Can you elaborate what you mean by “vindicated”? I don’t think we are looking at the same evidence here.
Nevermind that it doesn’t matter that Ionnadis’s previous record has no bearing on whether this science is good. If you are solely interested in previous records, perhaps I can remind you that Bendavid, the first author of the paper, already has one retraction on the books.
Funny how he wasn’t “vindicated” at all, and in fact his conclusions were completely wrong.
Sam,
Of course you are aware that Ioaniddis has expressed regret for the press release and has graciously acknowledged most of the shortcomings to which you refer. The adjustments made to compensate for those shortcomings did not disturb the general thrust of his conclusions. But of course you already know this.

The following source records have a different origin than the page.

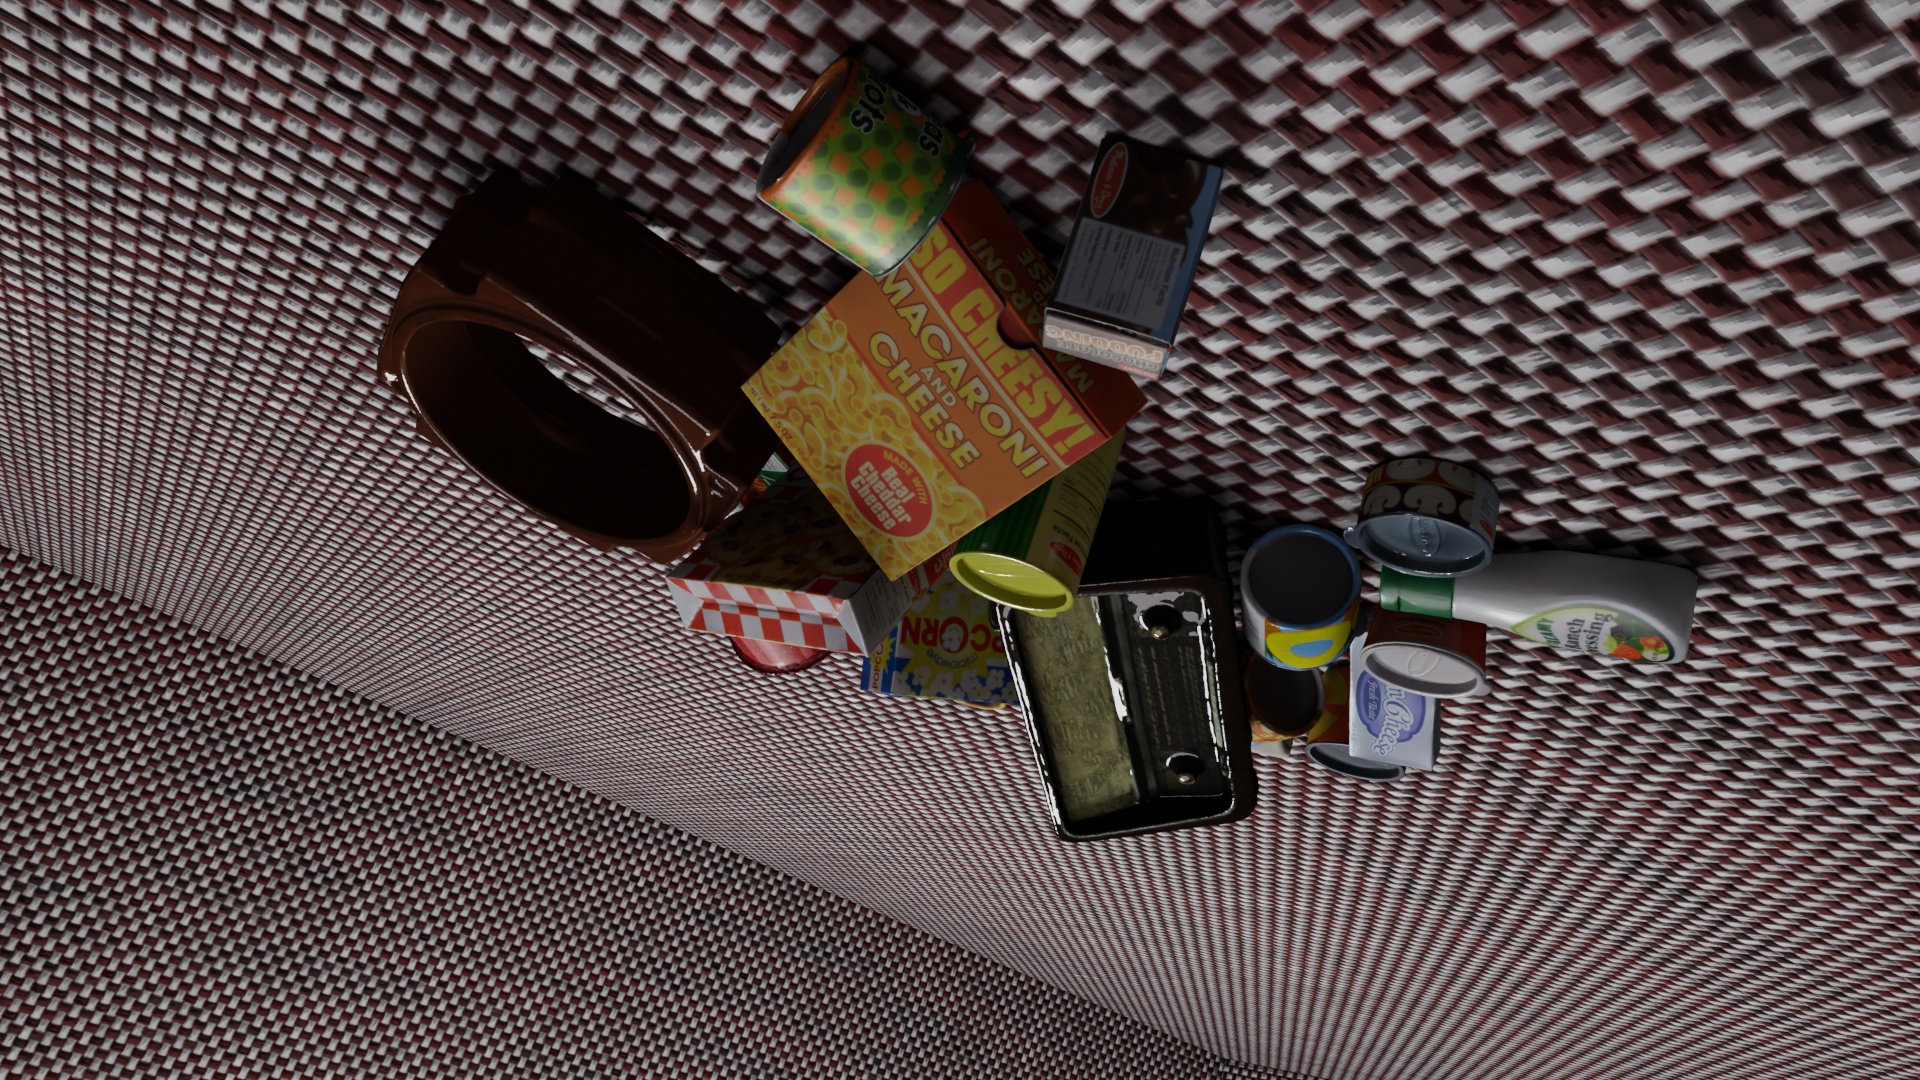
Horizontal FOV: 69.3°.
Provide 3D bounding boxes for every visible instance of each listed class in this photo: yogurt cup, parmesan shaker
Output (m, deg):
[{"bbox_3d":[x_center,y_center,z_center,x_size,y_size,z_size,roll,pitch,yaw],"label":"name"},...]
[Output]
[{"bbox_3d":[0.262,0.050,0.778,0.072,0.054,0.072,16,157,7],"label":"yogurt cup"},{"bbox_3d":[0.043,-0.021,0.725,0.071,0.103,0.071,17,157,7],"label":"parmesan shaker"}]

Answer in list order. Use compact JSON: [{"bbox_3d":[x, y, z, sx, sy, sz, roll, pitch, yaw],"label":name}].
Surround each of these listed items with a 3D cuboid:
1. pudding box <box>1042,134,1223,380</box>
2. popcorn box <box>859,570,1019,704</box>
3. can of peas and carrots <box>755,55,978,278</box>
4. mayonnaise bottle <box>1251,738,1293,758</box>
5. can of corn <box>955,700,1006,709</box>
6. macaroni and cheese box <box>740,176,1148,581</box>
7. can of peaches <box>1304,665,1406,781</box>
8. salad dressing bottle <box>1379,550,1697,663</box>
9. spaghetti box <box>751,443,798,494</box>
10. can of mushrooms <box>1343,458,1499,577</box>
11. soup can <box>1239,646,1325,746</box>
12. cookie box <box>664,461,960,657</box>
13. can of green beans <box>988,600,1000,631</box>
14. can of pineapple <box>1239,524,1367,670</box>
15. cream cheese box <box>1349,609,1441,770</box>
[{"bbox_3d":[0.066,-0.108,0.530,0.050,0.084,0.030,16,160,6],"label":"pudding box"},{"bbox_3d":[0.000,0.064,0.931,0.127,0.085,0.038,9,175,-35],"label":"popcorn box"},{"bbox_3d":[-0.038,-0.149,0.547,0.058,0.071,0.071,31,155,-25],"label":"can of peas and carrots"},{"bbox_3d":[0.175,0.128,1.048,0.148,0.041,0.064,9,156,26],"label":"mayonnaise bottle"},{"bbox_3d":[0.015,0.092,1.070,0.071,0.058,0.071,17,158,7],"label":"can of corn"},{"bbox_3d":[-0.013,-0.066,0.635,0.123,0.040,0.165,52,137,-4],"label":"macaroni and cheese box"},{"bbox_3d":[0.272,0.123,0.933,0.071,0.058,0.071,17,157,7],"label":"can of peaches"},{"bbox_3d":[0.294,0.028,0.715,0.147,0.044,0.064,8,154,25],"label":"salad dressing bottle"},{"bbox_3d":[-0.111,-0.043,0.898,0.050,0.029,0.249,7,155,28],"label":"spaghetti box"},{"bbox_3d":[0.229,-0.011,0.690,0.071,0.033,0.070,16,158,7],"label":"can of mushrooms"},{"bbox_3d":[0.195,0.108,0.945,0.071,0.071,0.083,26,156,-15],"label":"soup can"},{"bbox_3d":[-0.060,-0.005,0.768,0.123,0.168,0.040,5,125,32],"label":"cookie box"},{"bbox_3d":[0.058,0.034,0.886,0.058,0.071,0.071,19,158,-16],"label":"can of green beans"},{"bbox_3d":[0.192,0.031,0.778,0.071,0.071,0.057,12,156,18],"label":"can of pineapple"},{"bbox_3d":[0.267,0.092,0.852,0.053,0.024,0.103,7,126,25],"label":"cream cheese box"}]

Great article. As you point out, the questions he raises are consistent with his historical, fact-based approach. In these times, everything put out on Covid (or any subject, for that matter) immediately becomes politically charged, which is unfortunate and counterproductive. I suggest everyone read the book “Factfulness”, which deals with the very issues discussed here.
The problem isn’t with the questions that Dr. Ioannidis raised. The problem is that he gave incorrect answers to those questions. Answers unsupported by the data.
Perhaps the difficult questions he raises would be treated more fairly and with respect, if the research he himself is throwing into the fire wasn’t as blatantly flawed as they are.
Agree. And himself making political statments from the beginning, even before his own study.
Andreas, perhaps you can enlighten us as to what his political statements were?